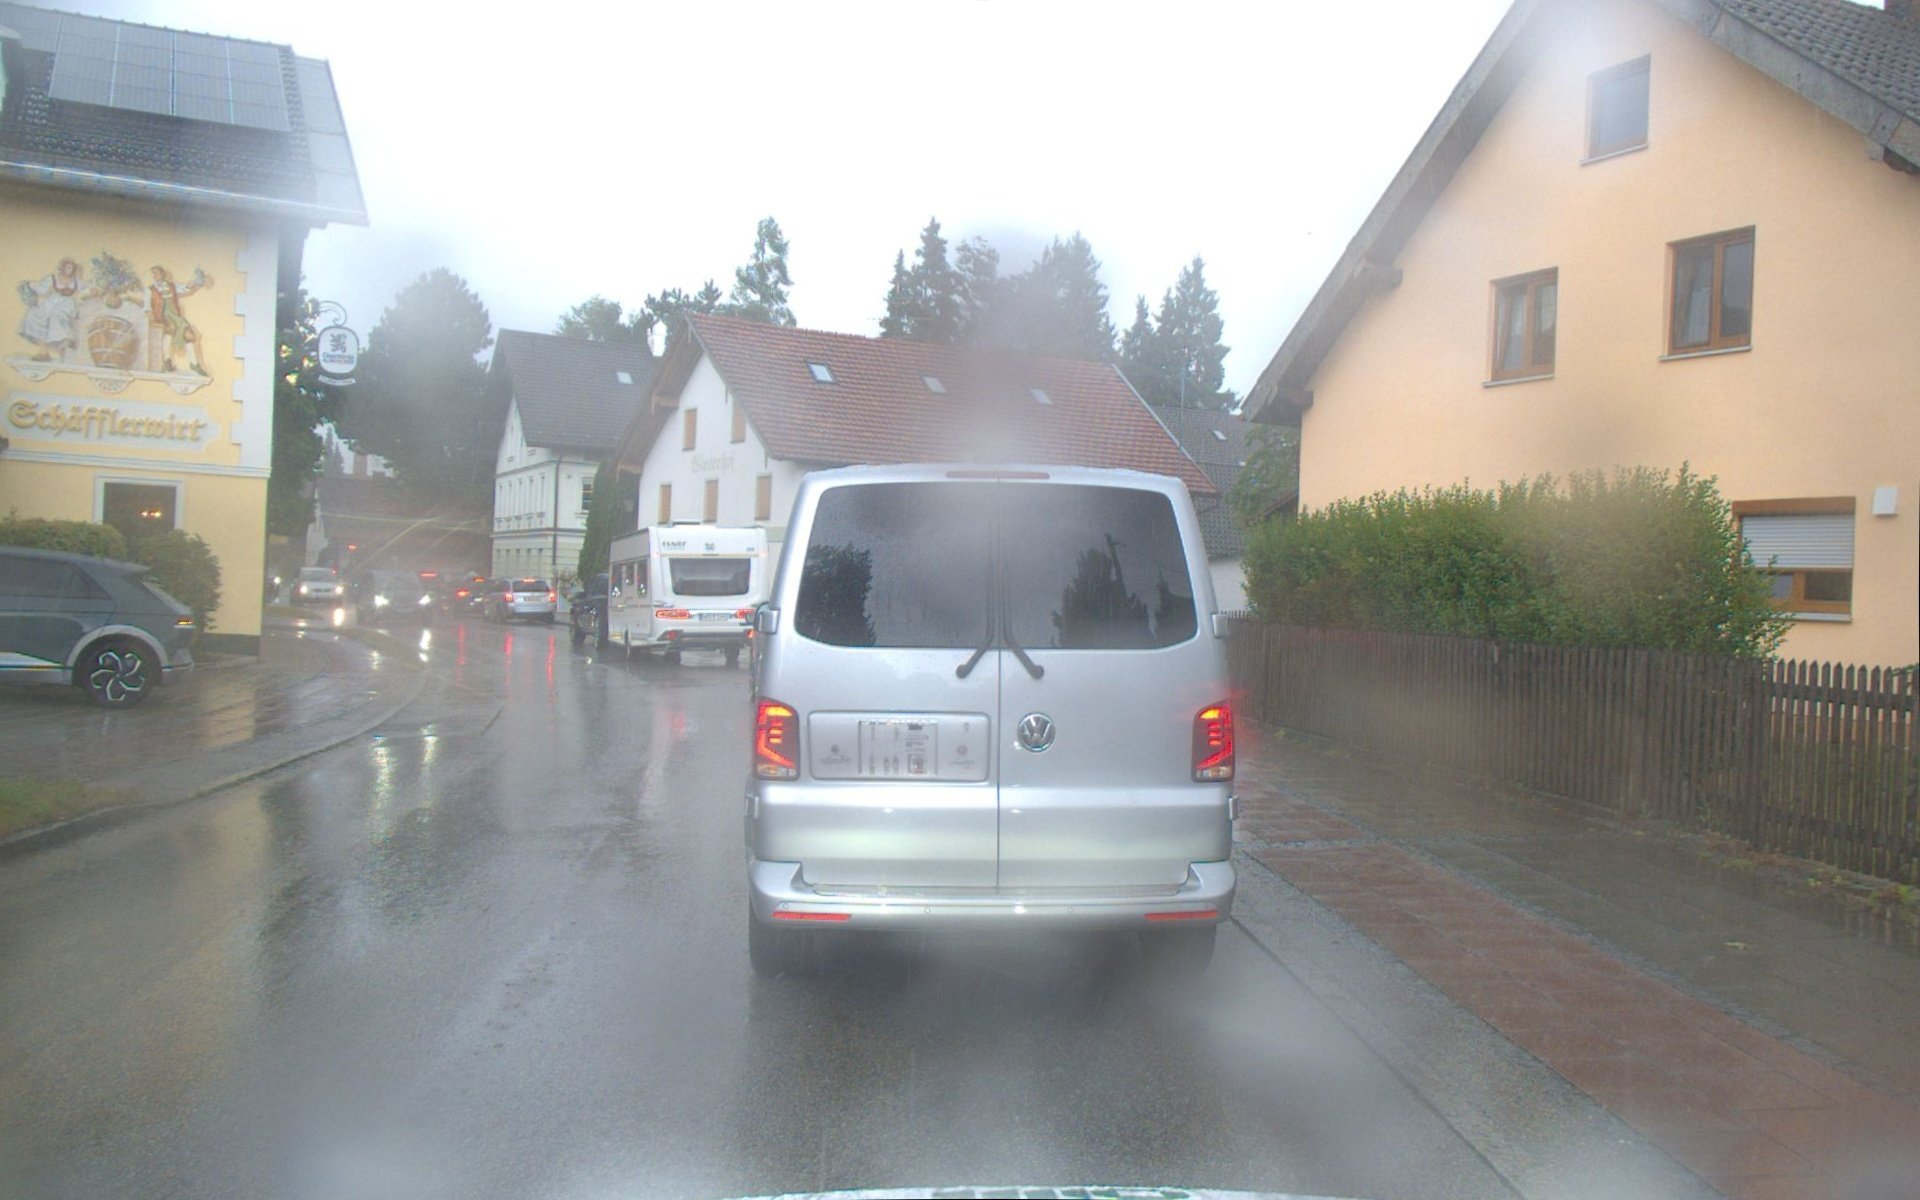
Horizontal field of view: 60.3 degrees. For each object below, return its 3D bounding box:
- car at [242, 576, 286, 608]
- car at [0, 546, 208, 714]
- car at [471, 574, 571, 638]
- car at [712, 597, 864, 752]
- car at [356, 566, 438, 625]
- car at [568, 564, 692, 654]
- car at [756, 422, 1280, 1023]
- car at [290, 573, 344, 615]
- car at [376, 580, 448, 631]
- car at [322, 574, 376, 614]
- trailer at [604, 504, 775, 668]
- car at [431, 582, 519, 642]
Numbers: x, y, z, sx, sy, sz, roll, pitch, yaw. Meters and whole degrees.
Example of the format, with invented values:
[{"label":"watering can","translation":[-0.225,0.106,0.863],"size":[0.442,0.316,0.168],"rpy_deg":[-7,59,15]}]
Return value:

+ + + +

▶ [Task prompt]:
Set each line of the records down again exactly as it reads. Omit the pictures.

▶ [Answer to the exercise]:
Horizontal field of view: 60.3 degrees. For each object below, return its 3D bounding box:
- car at [242, 576, 286, 608]
- car at [0, 546, 208, 714]
- car at [471, 574, 571, 638]
- car at [712, 597, 864, 752]
- car at [356, 566, 438, 625]
- car at [568, 564, 692, 654]
- car at [756, 422, 1280, 1023]
- car at [290, 573, 344, 615]
- car at [376, 580, 448, 631]
- car at [322, 574, 376, 614]
- trailer at [604, 504, 775, 668]
- car at [431, 582, 519, 642]
Numbers: x, y, z, sx, sy, sz, roll, pitch, yaw. Meters and whole degrees.
Example of the format, with invented values:
[{"label":"watering can","translation":[-0.225,0.106,0.863],"size":[0.442,0.316,0.168],"rpy_deg":[-7,59,15]}]
Return value:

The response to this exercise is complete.